= Child Poverty Action Group =

UK charity that works to alleviate poverty and social exclusion

Child Poverty Action Group (CPAG) is a UK charity that works to alleviate poverty and social exclusion.

==History==
The Group first met on 5 March 1965, at a meeting organised by Harriett C. Wilson. It followed the publication of Brian Abel-Smith and Peter Townsend's work Poor and the Poorest: both men were founding members of the Group, as was Harriett Wilson's son John Veit-Wilson, who later became an academic working on social policy.

At the second meeting one of the points raised was "That although increased family allowance might be the simplest and most equitable way of overcoming the poverty of large families, there was likely to be considerable difficulties in bringing about a change of this kind, partly because of the fear that this would tend to encourage people to have large families."

One of its first actions was to send a letter to the Prime Minister, on 22 December 1965, signed by a number of distinguished public figure, which stated:"The signatories of this letter would probably not all agree on the precise details of a scheme for reform: we are agreed, however, that action should be taken to achieve a radical improvement in the standard of living of families in poverty and we wish to bring this memorandum to your attention. We ask that the present arrangements for family allowances and the allowances for children be reconsidered and revised, and that bigger direct allowances be paid in respect of children in the poorest families."Tony Lynes was the first full-time secretary of the Group in 1966. Frank Field served as Director of the Group from 1969 to 1979 and was followed by Ruth Lister (1979–1987) and Fran Bennett, and later by Kate Green (2004–2009). As of 2024, CPAG's director is Alison Garnham, who was appointed to the post in 2010.

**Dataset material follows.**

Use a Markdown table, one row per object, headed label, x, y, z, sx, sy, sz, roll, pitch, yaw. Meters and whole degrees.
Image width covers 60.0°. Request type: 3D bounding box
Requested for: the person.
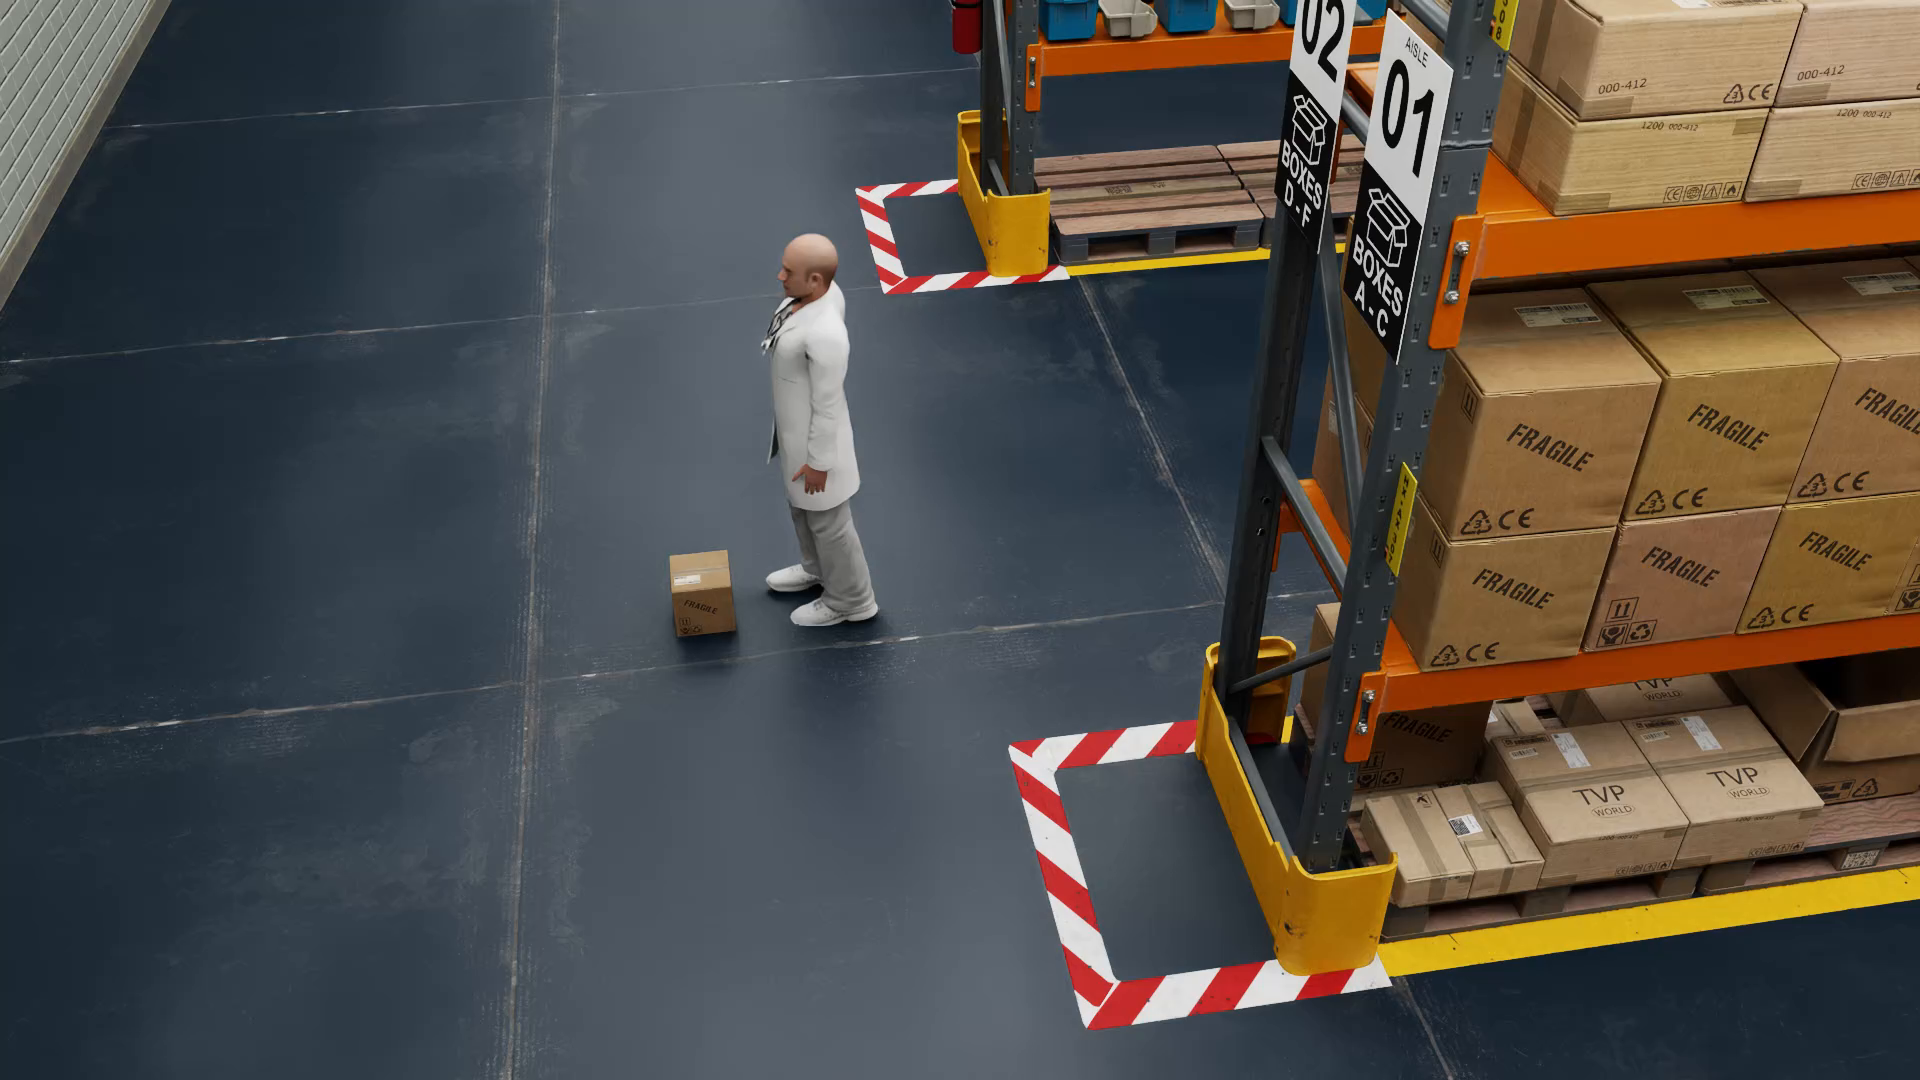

The group was originally conceived as a short-term pressure group specifically on the issue of family allowance (later child benefit). CPAG has been described as "partially successful" in its campaign to increase child benefit in the 1960s.

== Activities ==
CPAG programmes include:
- Research and publish the latest facts and figures of family and child poverty in the UK
- Lobby the UK government, lead and support campaigns for effective policies to prevent, alleviate and abolish child and family poverty
- Provide up to date information and reliable advice on the UK social security and tax credits systems
- Conduct training courses in Welfare Rights, for both new and experienced advisers, to help them keep up to date with developments in social security and tax credits
- Undertake test-cases to extend the interpretation of law in favour of claimants in social security, tax credits and related law using, where appropriate the European Court of Justice and the European Court of Human Rights.